B) Homer Simpson, lying in his underwear, eating pork rinds he found under the couch cushions, while the kids throw candy wrappers on the floor and Marge reads a magazine: Better Homes Than Yours.
If you answered "A," you don't have time to read any further. You have to tie holiday bows onto every piece of silverware you own. The "B" group probably would prefer to remain anonymous. That leaves most of us somewhere inbetween, in a world that doesn't appreciate housekeeping and then wonders why we feel so restless.
The main enemy is not Twinkie stains in the Berber carpet or tarnished silver chafing dishes. It's clutter. Conquer clutter and your trophy will be an orderly, inviting home that offers a husband and wife refuge from everything outside of it.
At our house, my wife and I recently declared war on clutter. Possibly because just sitting in the family room to watch TV or read a book required a ten-minute clean-up job, just to clear enough space to sit. Or, maybe it was because every one of those debris piles represented another Hefty bag in a growing landfill of unspoken resentment—sometimes toward each other, sometimes toward the kids, sometimes toward the invisible elves who make those messes and then fool us into blaming the kids.

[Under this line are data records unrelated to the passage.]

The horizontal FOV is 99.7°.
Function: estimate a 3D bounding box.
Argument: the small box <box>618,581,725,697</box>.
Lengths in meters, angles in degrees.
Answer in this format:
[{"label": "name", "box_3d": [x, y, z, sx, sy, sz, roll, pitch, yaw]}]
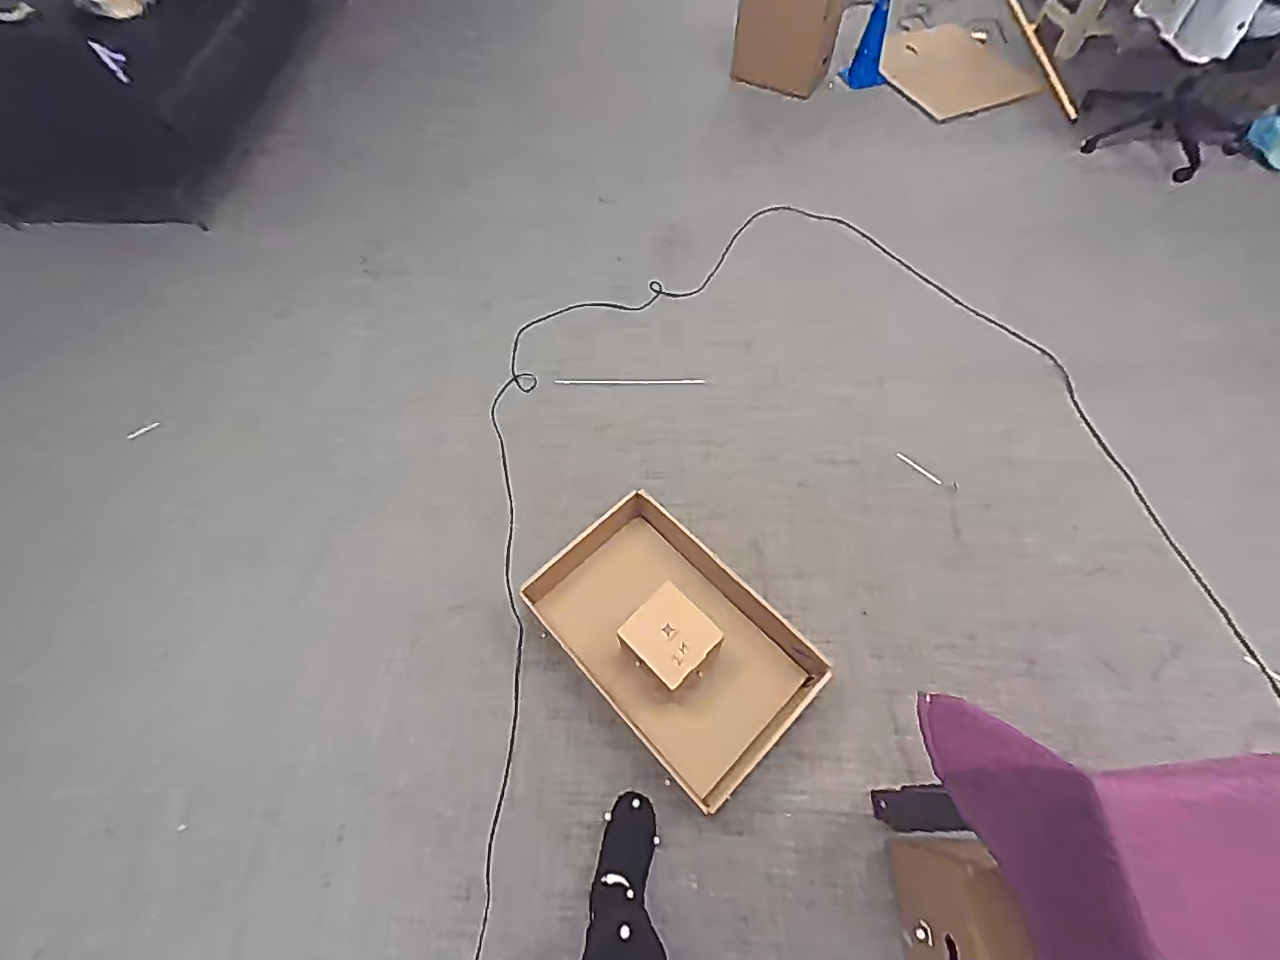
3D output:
[{"label": "small box", "box_3d": [0.071, 0.368, 1.232, 0.168, 0.176, 0.179, -41, 67, -17]}]

Thus far, the war is at a standoff, with both sides holding ground. We've come up with new and better ways to store everything from canned peaches to paint tarps, but only just now are we realizing that our problem is less about storage than it is about hanging on to useless junk.
I write this from a home office piled with fifteen years worth of Sports Illustrated magazines; four shoeboxes overstuffed with hundreds of unsorted, unlabeled snapshots; and heavy, once-expensive textbooks I haven't touched since college. Sitting down to write at the computer required clearing a pile of medical receipts off of the chair and a larger pile of my kids' school reports from the desk. The office is our next battleground.
We cleaned our kitchen cabinets recently and found twenty coffee mugs promoting newspapers, colleges, banks, and even the 1984 Olympics. No one in our family even drinks coffee. Out went eighteen of the mugs.
From the basement came several twenty-gallon plastic tote boxes stuffed with ribbon, yarn, and fabric. Also the exercise contraption, available at finer garage sales everywhere. Out.
Still behind the garage, covered with a sheet, rests the old washing machine that I was too cheap to pay Sears twenty dollars to haul away when they delivered the new one. It's going soon.